# guess its in the blood....



## Richard S. (Sep 6, 2002)

ok, my first ma was HKD but i bowed out  due to injury.  its been many years since, but it still influences the way i think and move in a fight. even after several yrs of Wing Chun. soooo, now im working in the same town that my old Master has a couple of schools in, so i thought i would "drop by" and pay my respects. anyway, to make a long rant short i start classes with him next week. i havent been this exited in many moons.............respects


----------



## jkn75 (Sep 6, 2002)

That's very interesting. There are some people who match body types and martial arts but I think most martial arts transcend size. I also think that people sometimes just fit with a martial art. Some people just "get it". 
You're lucky to have found your old master and it's good you are excited.

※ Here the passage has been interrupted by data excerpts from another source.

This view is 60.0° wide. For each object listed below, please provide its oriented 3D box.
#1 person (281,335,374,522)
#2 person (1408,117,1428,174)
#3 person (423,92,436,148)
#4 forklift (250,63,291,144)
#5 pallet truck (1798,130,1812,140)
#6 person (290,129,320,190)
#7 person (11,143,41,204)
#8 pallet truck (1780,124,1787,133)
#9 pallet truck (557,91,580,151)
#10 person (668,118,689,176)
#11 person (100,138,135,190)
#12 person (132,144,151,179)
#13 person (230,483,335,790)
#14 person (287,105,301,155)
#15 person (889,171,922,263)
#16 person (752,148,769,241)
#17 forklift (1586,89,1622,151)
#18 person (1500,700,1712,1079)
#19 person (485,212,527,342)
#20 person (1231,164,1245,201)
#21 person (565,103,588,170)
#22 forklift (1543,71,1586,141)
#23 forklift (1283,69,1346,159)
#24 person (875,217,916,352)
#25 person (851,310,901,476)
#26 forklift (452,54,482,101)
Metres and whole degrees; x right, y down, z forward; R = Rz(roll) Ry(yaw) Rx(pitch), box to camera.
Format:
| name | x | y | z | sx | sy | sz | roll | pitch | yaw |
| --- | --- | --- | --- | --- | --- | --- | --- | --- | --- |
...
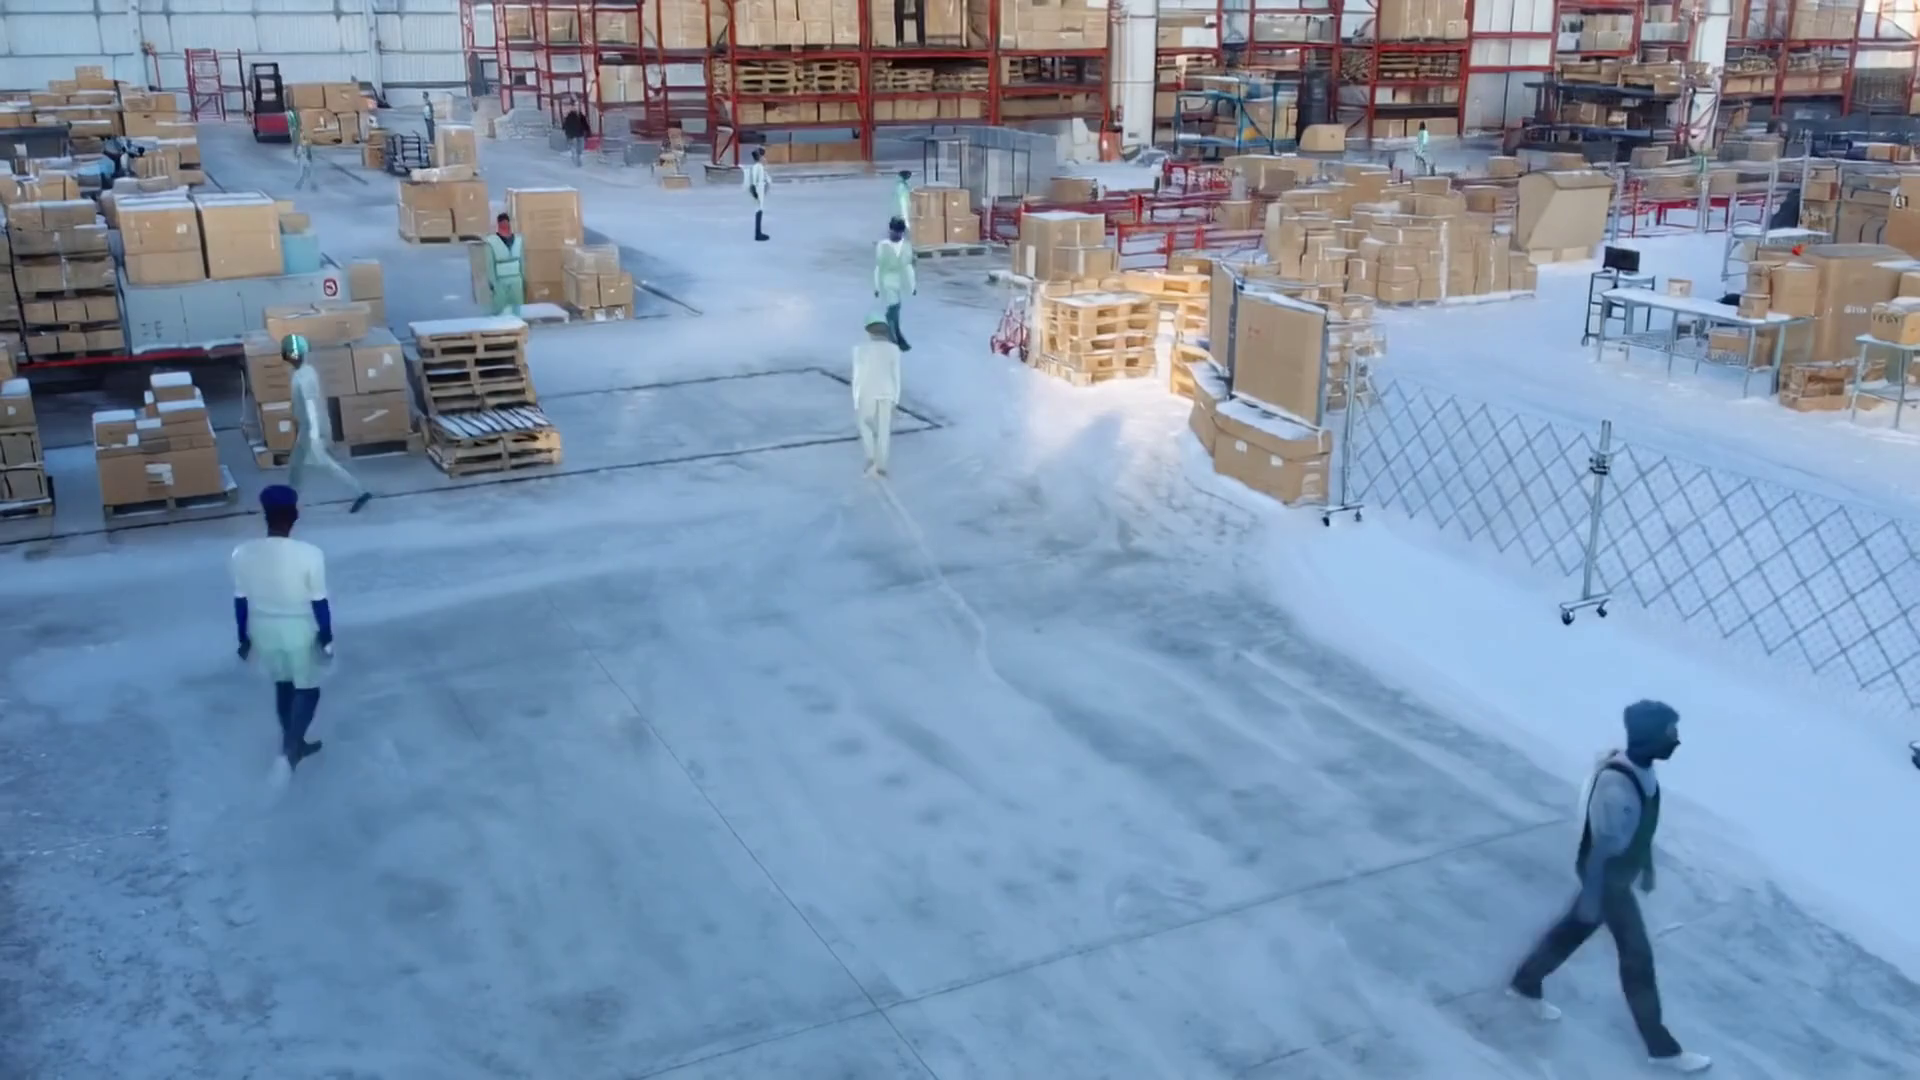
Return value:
| name | x | y | z | sx | sy | sz | roll | pitch | yaw |
| --- | --- | --- | --- | --- | --- | --- | --- | --- | --- |
| person | -6.177 | -1.070 | 15.881 | 0.961 | 1.840 | 0.526 | -6 | 19 | -17 |
| person | 13.446 | -11.558 | 48.813 | 0.789 | 1.659 | 0.544 | 15 | 23 | 39 |
| person | -18.634 | -14.773 | 58.459 | 0.396 | 1.911 | 0.588 | -12 | 22 | -34 |
| forklift | -25.004 | -15.820 | 60.155 | 1.129 | 2.768 | 1.873 | -9 | 20 | -26 |
| pallet truck | 25.526 | -11.556 | 49.408 | 1.630 | 1.274 | 0.653 | -9 | 20 | -26 |
| person | -17.748 | -10.263 | 44.891 | 0.849 | 1.587 | 0.541 | -16 | 24 | -41 |
| person | -20.764 | -7.881 | 37.009 | 0.584 | 1.882 | 0.337 | 1 | 18 | 2 |
| pallet truck | 25.206 | -12.542 | 52.601 | 1.601 | 1.201 | 0.680 | 0 | 18 | -2 |
| pallet truck | -13.495 | -14.412 | 57.188 | 0.823 | 1.965 | 1.885 | -3 | 18 | -9 |
| person | -8.198 | -11.404 | 48.335 | 0.538 | 1.659 | 0.803 | 1 | 18 | 2 |
| person | -18.441 | -7.773 | 36.419 | 0.681 | 2.000 | 0.538 | -16 | 24 | -41 |
| person | -18.103 | -7.825 | 36.864 | 0.329 | 1.868 | 0.512 | 11 | 21 | 31 |
| person | -4.280 | 0.619 | 10.438 | 0.647 | 1.933 | 0.757 | 2 | 18 | 6 |
| person | -22.180 | -13.669 | 55.458 | 0.316 | 1.634 | 0.528 | 7 | 19 | 21 |
| person | -1.097 | -6.151 | 31.813 | 0.775 | 1.778 | 0.617 | -4 | 18 | -13 |
| person | -4.197 | -7.287 | 35.098 | 0.385 | 1.929 | 0.539 | -3 | 18 | -10 |
| forklift | 21.224 | -14.374 | 55.648 | 1.873 | 2.768 | 1.129 | -9 | 20 | -26 |
| person | 3.050 | 1.559 | 7.744 | 0.991 | 1.795 | 0.534 | 10 | 20 | 29 |
| person | -6.716 | -3.890 | 24.552 | 0.692 | 1.899 | 0.594 | 17 | 24 | 42 |
| person | 5.879 | -7.145 | 35.182 | 0.834 | 1.594 | 0.511 | -8 | 19 | -23 |
| person | -11.607 | -12.241 | 50.489 | 0.606 | 1.957 | 0.737 | -10 | 20 | -28 |
| forklift | 18.685 | -13.231 | 52.085 | 1.873 | 2.768 | 1.129 | -9 | 20 | -26 |
| forklift | 11.615 | -13.871 | 54.079 | 1.129 | 2.768 | 1.873 | -9 | 20 | -27 |
| person | -0.968 | -3.723 | 24.026 | 0.540 | 1.899 | 0.932 | -12 | 21 | -33 |
| person | -0.872 | -1.533 | 17.438 | 0.539 | 1.757 | 0.363 | -3 | 18 | -9 |
| forklift | -20.788 | -19.371 | 71.224 | 1.873 | 2.768 | 1.129 | -9 | 20 | -26 |

Good luck to you.
:asian:


----------



## bdparsons (Sep 6, 2002)

Hi Richard,

This is Bill, glad you were able to find a place to workout, and I'm thrilled it's with your previous teacher.  Still would like to meet you in person and exchange ideas, let me know.

Take Care.


----------



## Chris from CT (Sep 9, 2002)

Hey, Richard.
I'm glad to here your visit went well.    I love that feeling and I hope you never lose it.

Enjoy your training!!
Take care, Richard.


----------



## Eraser (Sep 14, 2002)

Rich,

I know what you mean...  I'm addicted to Hapkido...  I started in Jan 02...and I hate it when i miss a class..  I go like 6 times a week if I can.. I help out with the kiddies. .and it's a riot..  I know im hooked for life... my instructors are amazing..  
Its great to see that you are getting back with your old teacher and back into Hapkido!!

Congrats and best of Luck!!


----------



## strider (Sep 17, 2002)

hi.  i know what you all are talking about,  it kills me to miss any classes at all.  i attened at least one class but i try for two each day.  cant stop love it to much.


----------